Pony V6 XL in ComfyUI is three things done right: clip skip 2, external SDXL VAE, and score tags at prompt start. Get those three nodes wired correctly and you've got a 950k-download checkpoint doing what made it popular. Build boring first, experiment after.

What to Do Next

FAQ

What clip skip setting does Pony V6 XL need in ComfyUI? +
Set CLIPSetLastLayer to stop_at_clip_layer = -2. This is mandatory - the model was fine-tuned at clip skip 2 and produces plastic, muddy output without it.
Where do I download Pony Diffusion V6 XL? +
Civitai model page at civitai.com/models/257749. Download the 'V6 (start with this one)' version - it's 6.46 GB in fp16 safetensors format. Verify file hashes if you mirror from third-party sources.
Does Pony V6 XL need a separate VAE file? +
It has a baked VAE, but loading sdxl_vae.safetensors (335 MB) explicitly through a VAELoader node gives cleaner color reproduction - especially skin tones. Worth the extra node.

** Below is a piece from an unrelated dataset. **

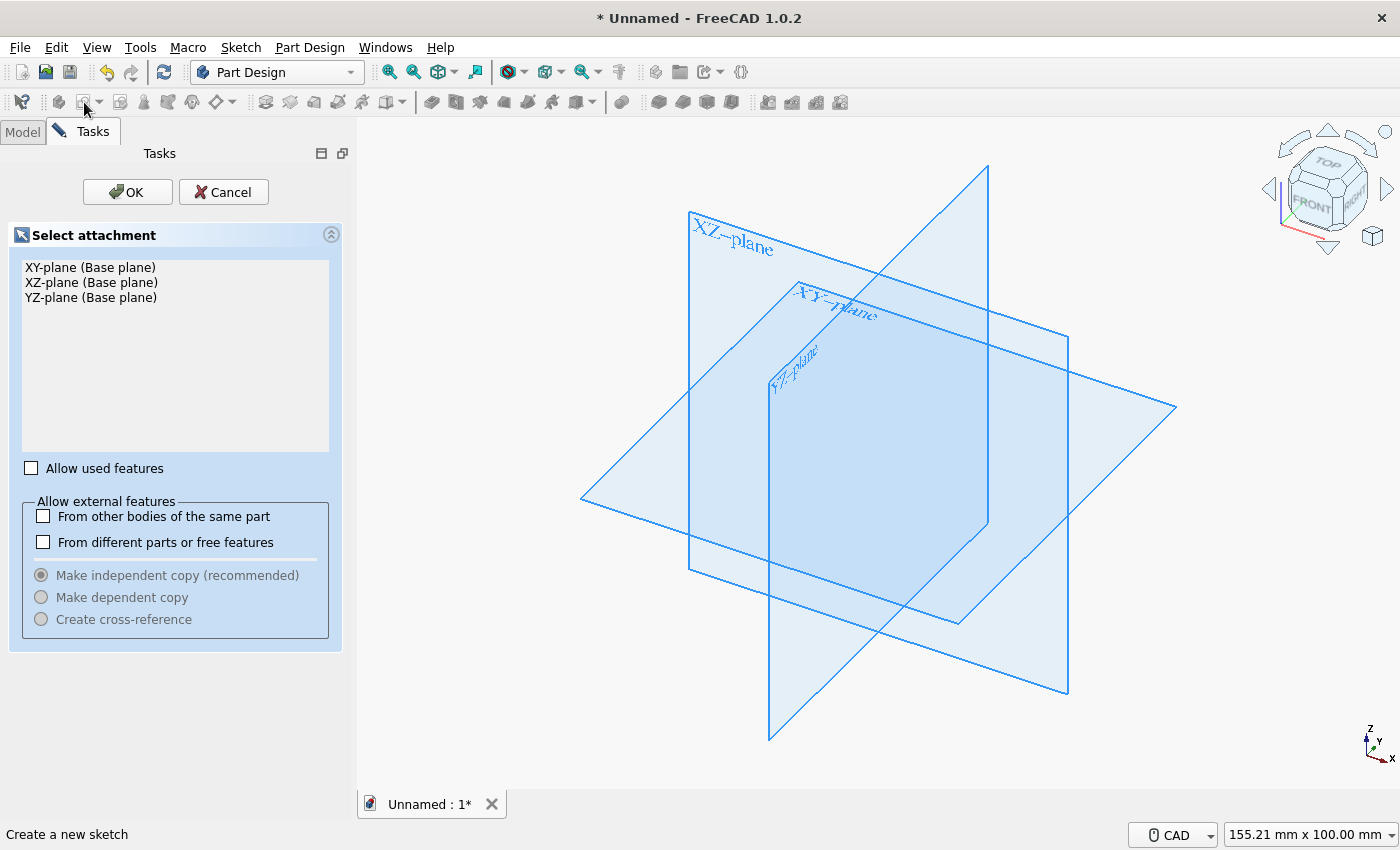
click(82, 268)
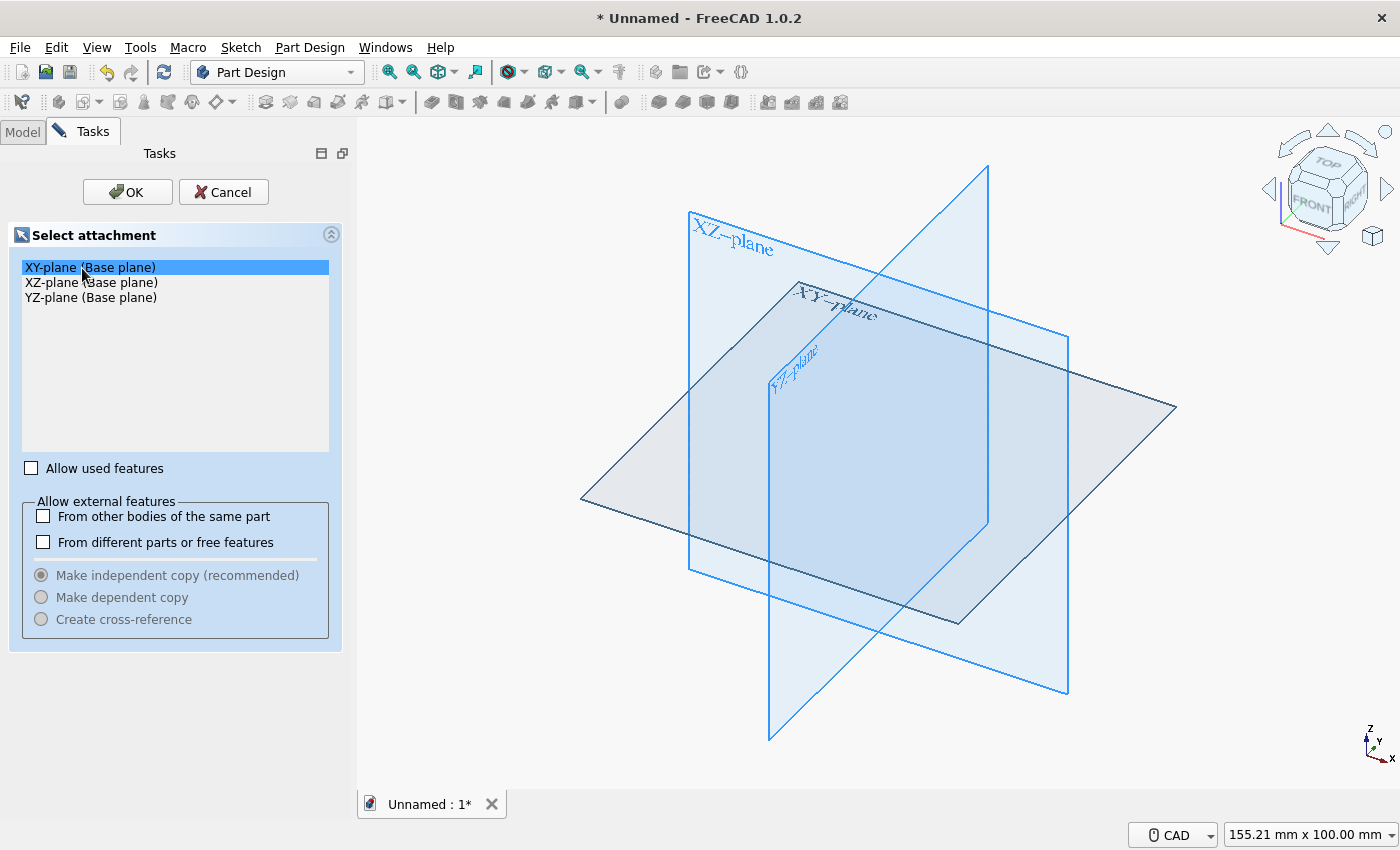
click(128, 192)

How much VRAM does Pony V6 XL need? +
8 GB runs 1024x1024 in ComfyUI without tiling. 6 GB cards work with --lowvram but generations take 2-3x longer. Adding detailers and upscalers increases requirements - preview small, then commit.

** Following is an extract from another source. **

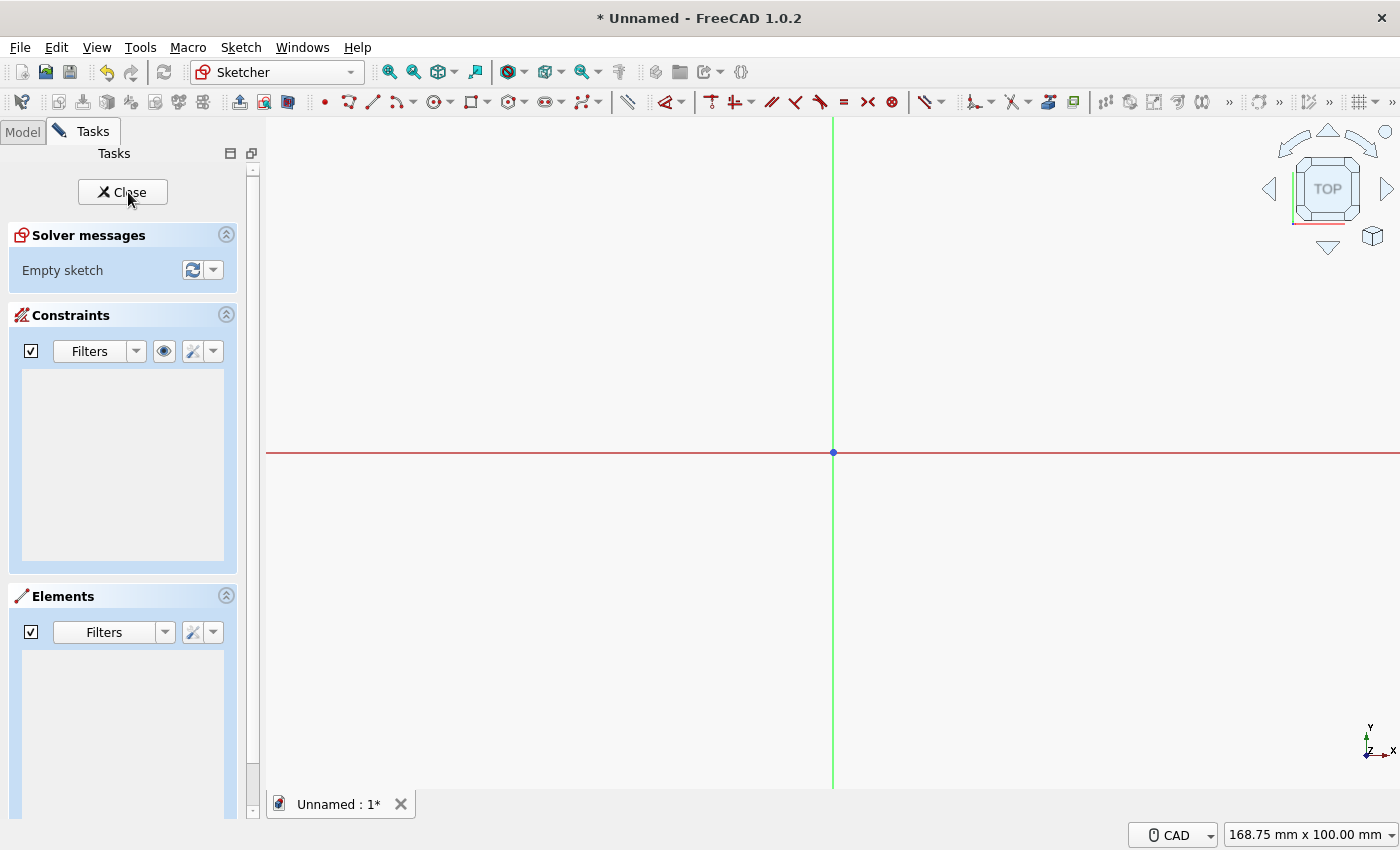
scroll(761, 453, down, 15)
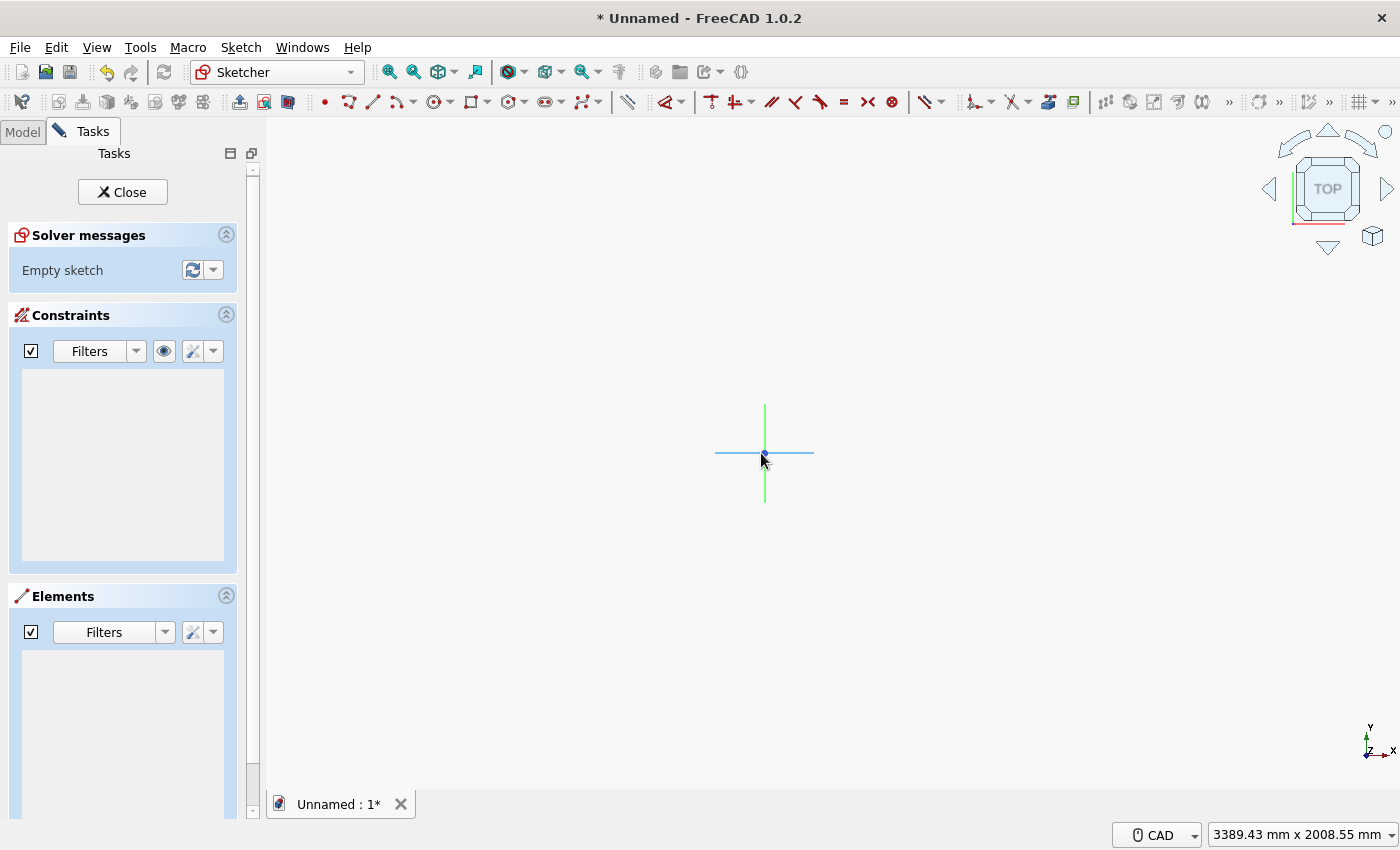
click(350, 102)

What are score tags and do I have to use them? +
Score tags (score_9, score_8_up, score_7_up) are aesthetic quality priors from training data. They're not required, but outputs without them are noticeably lower quality. Start with the top 3 at the beginning of your positive prompt.
Can I use SD 1.5 LoRAs with Pony V6 XL? +
No. Pony is SDXL-class - it needs SDXL or Pony-specific LoRAs. SD 1.5 LoRAs will error or produce garbage. Check the LoRA's base model tag on Civitai before downloading.